Symonds joined Channel Seven in Sydney in January 1981 as the station's weekend news presenter before later joining Roger Climpson to read the weeknight bulletin. He was paired with Ann Sanders on both Seven Nightly News and Seven's news program 11AM, on which he was the featured news reader for much of the program's life. Symonds presented his last Seven News Sydney bulletin on 5 December 2003, alongside Ann Sanders, ending a partnership that had lasted since 1998.

Symonds was also breakfast news presenter on Sydney radio station 2UW for 6 years 1988–1994.

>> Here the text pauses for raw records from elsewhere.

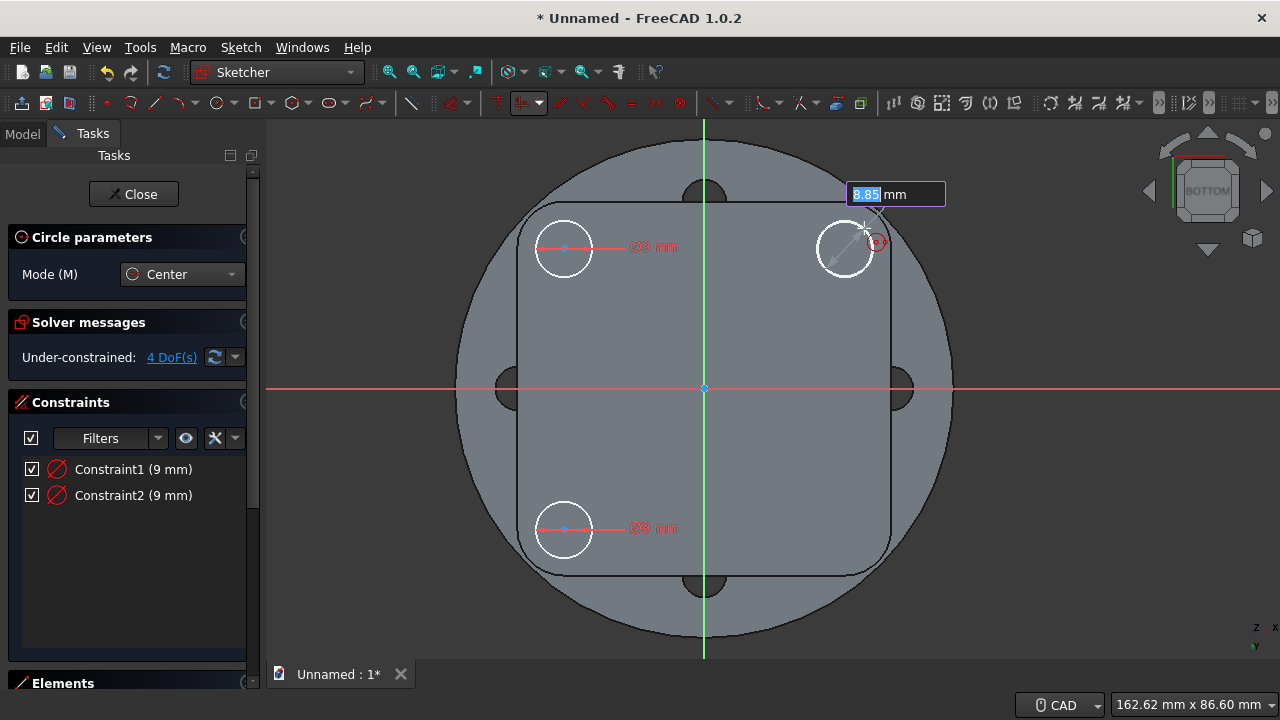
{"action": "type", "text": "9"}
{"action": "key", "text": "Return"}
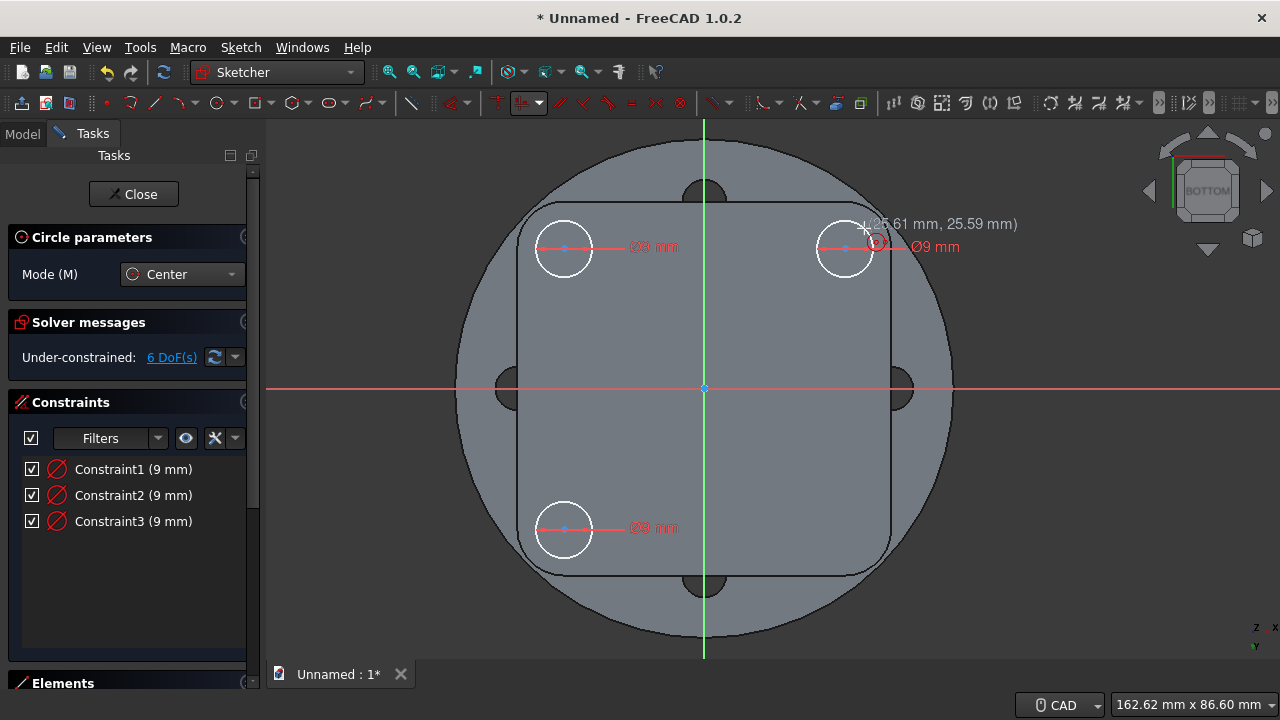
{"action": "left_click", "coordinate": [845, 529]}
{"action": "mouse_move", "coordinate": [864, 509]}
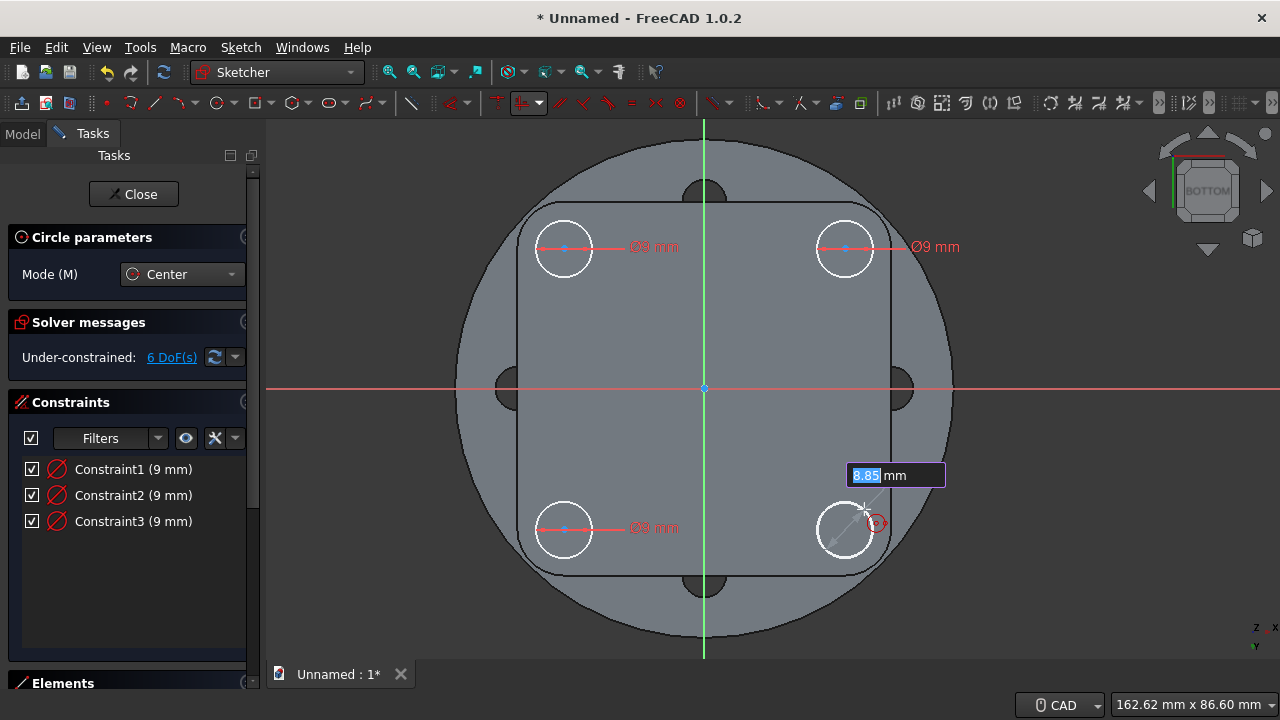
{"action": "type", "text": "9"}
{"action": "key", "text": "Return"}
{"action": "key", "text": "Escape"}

After which he worked as a casual news presented on Radio 2 in Sydney in 2005, the station close its operations at Homebush the following year.

==Awards==
Symonds has won the Better Hearing Australia News Presenters' Clear Speech Award ten times, as well as Best Metropolitan Commercial Radio News Presenter.

==Post-media career ==
Symonds worked in real estate after retiring from his career in media and broadcasting joining a firm on Sydney's Upper North Shore.

In 2008 Symonds worked in advertising as sales and promotional consultant for Beauty Point Retirement Resort.

Symonds acts as MC for the National Ceremonies for Anzac Day and Remembrance Day at the Australian War Memorial in Canberra.